Damnation. “Curry, fetch me a coach. Now.”

He pushed past the crowd and started down the stairs. Curry scrambled behind him, bleating orders in his broad Cockney.

“I’m coming with you,” Cameron said.

“Me, too,” Daniel said, keeping up with them. “Like hell you are,” Cameron told his son. “You’re staying here, and you’ll keep her here if she comes back.”

“But Dad—“

“Do what I say for once, you little hellion.”

Cameron snatched hat and gloves before the doddering butler could get to them. Ian didn’t even bother. Daniel followed them to the door, scowling, but he stayed inside. “How do you know where she is?” Cameron clapped on his hat and strode for the hansom rolling toward them at Curry’s whistle.

Ian climbed inside, Cameron following. “High Holborn,” he said to the cabbie before the vehicle careened off into traffic.

“High Holborn?” Cameron asked in alarm.

“She’s gone to play detective.” Bloody little fool. If anything happened to her . . .

Ian couldn’t finish the thought, couldn’t imagine how he’d feel if he found her dead, a knife in her chest, like Sally and Lily.

Cameron pressed a hand to Ian’s shoulder. “We’ll find her.”

“Why is she so stubborn? And disobedient?”

Cameron barked a laugh. “Because Mackenzies always choose headstrong women. You didn’t really expect her to obey you, did you? No matter what the marriage vows say?”

“I expected to keep her safe.”

“She stood up to Hart. It’s a rare woman who can do that.”

Which showed just how foolish Beth was. Ian fell silent, willing the coach to go faster.

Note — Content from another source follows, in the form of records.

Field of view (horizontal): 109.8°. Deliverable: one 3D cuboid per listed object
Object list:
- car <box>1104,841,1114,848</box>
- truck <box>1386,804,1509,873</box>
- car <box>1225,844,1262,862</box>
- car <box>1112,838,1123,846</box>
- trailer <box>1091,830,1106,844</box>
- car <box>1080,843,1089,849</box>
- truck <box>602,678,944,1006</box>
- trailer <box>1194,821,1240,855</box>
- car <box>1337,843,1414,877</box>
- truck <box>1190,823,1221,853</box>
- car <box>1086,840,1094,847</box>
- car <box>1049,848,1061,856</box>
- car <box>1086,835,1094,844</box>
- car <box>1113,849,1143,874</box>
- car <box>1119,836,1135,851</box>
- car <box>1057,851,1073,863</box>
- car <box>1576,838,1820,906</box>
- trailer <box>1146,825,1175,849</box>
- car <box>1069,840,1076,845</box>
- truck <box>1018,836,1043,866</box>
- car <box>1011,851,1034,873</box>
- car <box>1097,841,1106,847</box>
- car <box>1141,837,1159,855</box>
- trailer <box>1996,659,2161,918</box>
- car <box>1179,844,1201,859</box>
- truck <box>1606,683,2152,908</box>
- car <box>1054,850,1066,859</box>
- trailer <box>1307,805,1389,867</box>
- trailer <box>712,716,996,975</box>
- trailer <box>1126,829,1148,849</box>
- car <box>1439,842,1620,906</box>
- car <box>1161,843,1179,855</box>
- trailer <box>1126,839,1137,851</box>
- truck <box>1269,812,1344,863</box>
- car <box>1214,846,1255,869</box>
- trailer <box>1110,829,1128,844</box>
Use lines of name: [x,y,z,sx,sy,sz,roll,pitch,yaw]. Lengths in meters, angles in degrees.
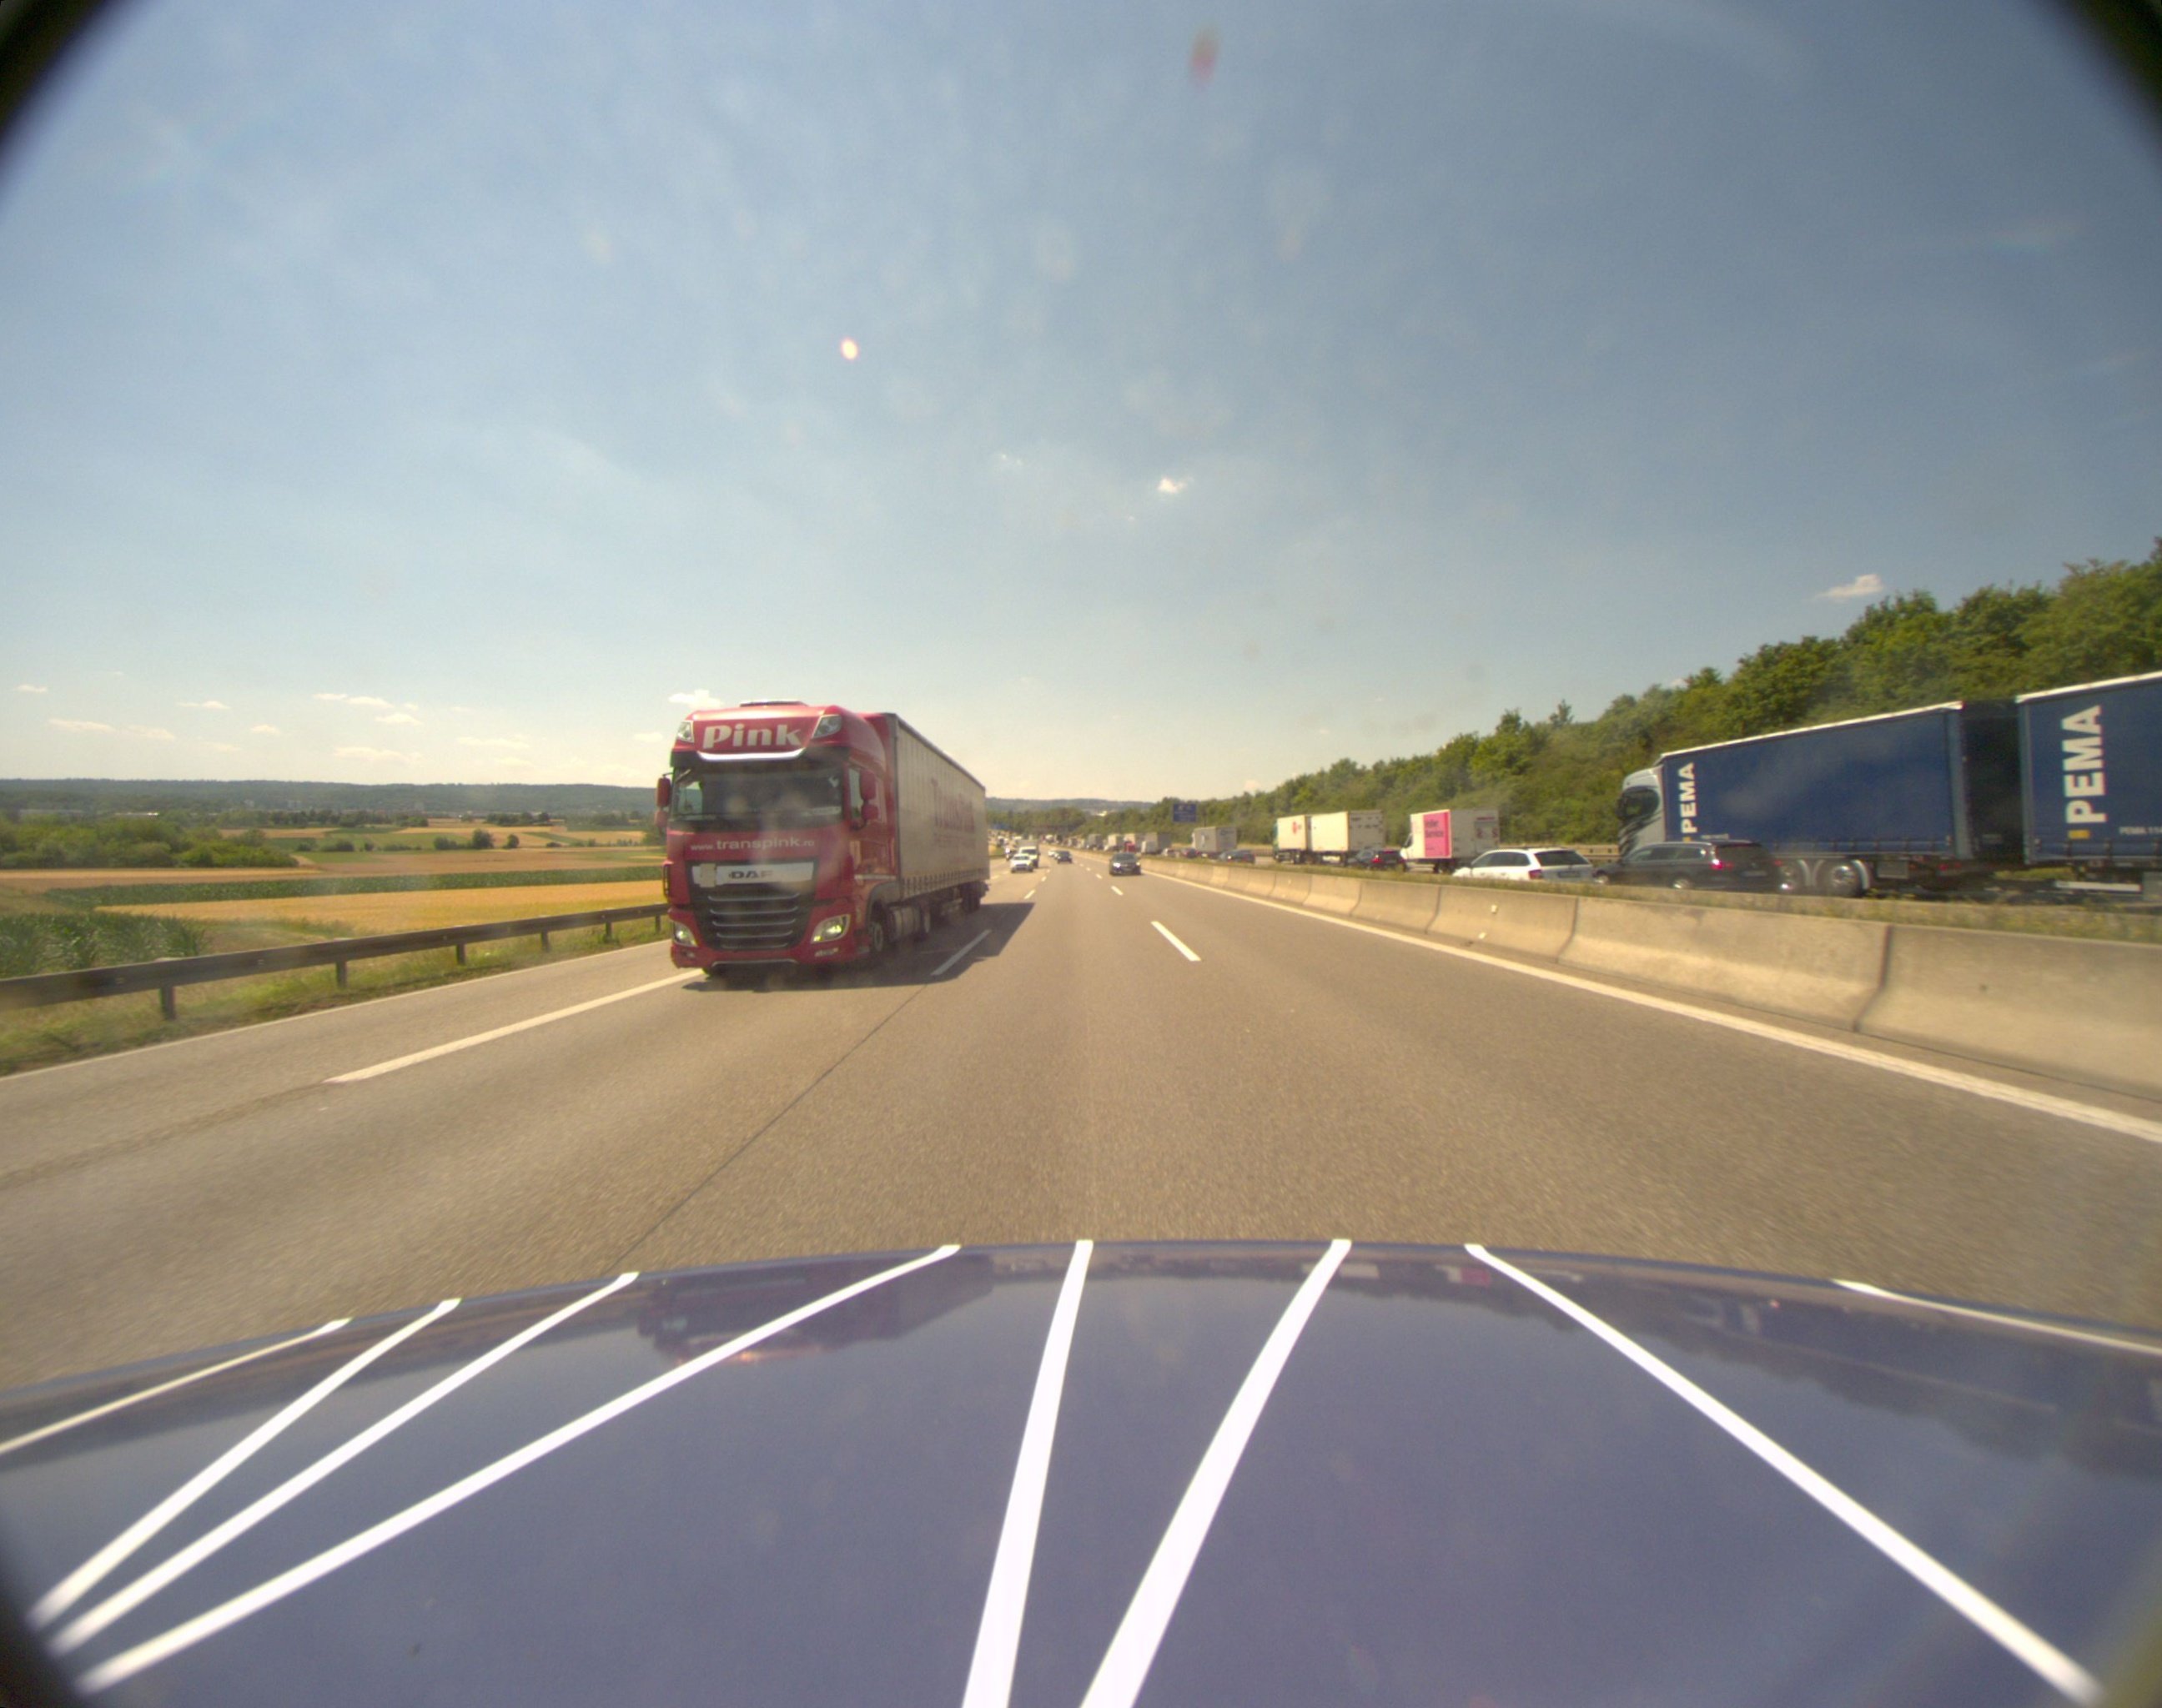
car: [6.955,-2.420,190.286,1.886,1.466,4.403,-2,2,-4]
truck: [18.797,-0.763,39.591,2.545,3.189,7.587,-2,1,-1]
car: [14.727,-0.110,69.080,1.999,1.536,5.492,-2,1,-2]
car: [8.644,-2.850,180.169,1.999,1.706,4.788,-2,2,-4]
trailer: [5.723,-5.629,248.345,3.231,4.396,13.768,-2,2,-6]
car: [1.057,-2.375,221.947,1.999,1.634,4.403,-2,2,-5]
truck: [-4.438,-0.200,12.795,2.924,3.986,6.509,-3,1,0]
trailer: [17.386,-2.029,98.273,2.910,4.063,14.439,-2,1,-2]
car: [14.948,0.267,38.875,1.999,1.518,4.771,-2,1,-1]
truck: [17.140,-2.195,104.993,2.861,4.013,6.601,-2,1,-2]
car: [2.378,-2.819,201.608,1.937,1.679,4.793,-1,1,-4]
car: [-5.193,-0.394,149.559,2.000,1.467,3.996,-3,3,-7]
car: [2.766,-4.521,239.607,1.903,2.559,7.566,-2,2,-5]
car: [3.029,0.484,49.776,1.807,1.534,4.750,-2,0,2]
car: [9.580,-2.243,158.400,2.243,2.997,6.547,-2,1,-6]
car: [-2.086,0.373,97.427,1.866,1.426,3.997,-2,2,-3]
car: [15.385,0.363,19.446,1.999,1.447,5.169,-2,1,-1]
trailer: [14.934,-3.203,144.468,2.990,4.183,14.184,-3,2,-3]
car: [-2.797,-3.776,253.887,1.999,1.570,4.591,-2,2,-5]
truck: [-5.378,-0.391,81.780,2.446,3.011,6.912,-3,2,-3]
car: [-5.118,0.684,66.290,1.837,1.636,4.169,-3,2,-4]
car: [5.741,-2.792,211.540,1.882,1.426,4.921,-3,2,-5]
car: [11.848,-1.472,131.063,2.145,2.771,6.620,-3,3,-3]
trailer: [18.921,-1.075,10.193,2.993,4.168,8.594,-2,1,1]
car: [13.712,-0.359,95.703,1.866,1.632,5.110,-2,2,-2]
truck: [18.976,-1.151,19.890,3.009,4.209,10.732,-2,1,0]
car: [-3.484,0.098,125.802,1.866,1.322,3.997,-2,2,-3]
trailer: [19.011,-1.232,54.772,2.928,4.048,8.228,-1,1,0]
trailer: [-4.467,-0.251,19.331,2.926,4.094,13.854,-3,1,0]
trailer: [12.689,-3.329,172.870,2.819,4.254,13.859,-3,1,-4]
car: [11.443,0.419,19.865,1.842,1.278,4.872,-2,2,0]
car: [12.826,-0.747,110.097,1.756,1.452,4.855,-3,3,-3]
trailer: [10.224,-1.849,153.313,1.574,2.240,3.959,-2,1,-6]
truck: [18.823,-1.321,64.375,2.850,3.876,11.244,-1,1,-1]
car: [11.277,0.238,56.138,1.999,1.518,4.771,-2,1,-1]
trailer: [10.173,-4.694,206.128,2.911,3.851,13.866,-2,2,-4]

They rolled through thick traffic, the residents of London for some reason out in droves tonight. The cab inched up Park Lane past the house of the blasted Lyndon Mather. Ian hoped briefly that the twelve hundred pounds he’d given him for the bowl would keep the man subdued. Beth didn’t need any more trouble from him.

The coach finally turned east on Oxford Street to traverse its length to High Holborn. Ian hadn’t seen the house that sat innocently on High Holborn near Chancery Lane for five years. But stark memories stabbed at him as he and Cameron entered without knocking. Nothing inside had changed. Ian walked through the same vestibule with dark wood wainscoting, opened the same stained-glass door that led to the inner hall and polished walnut staircase. The maid who admitted them was new and obviously thought Ian and Cameron were expected clients. Ian wanted to push past her and run up the stairs, but Cameron put his hand on Ian’s shoulder and shook his head.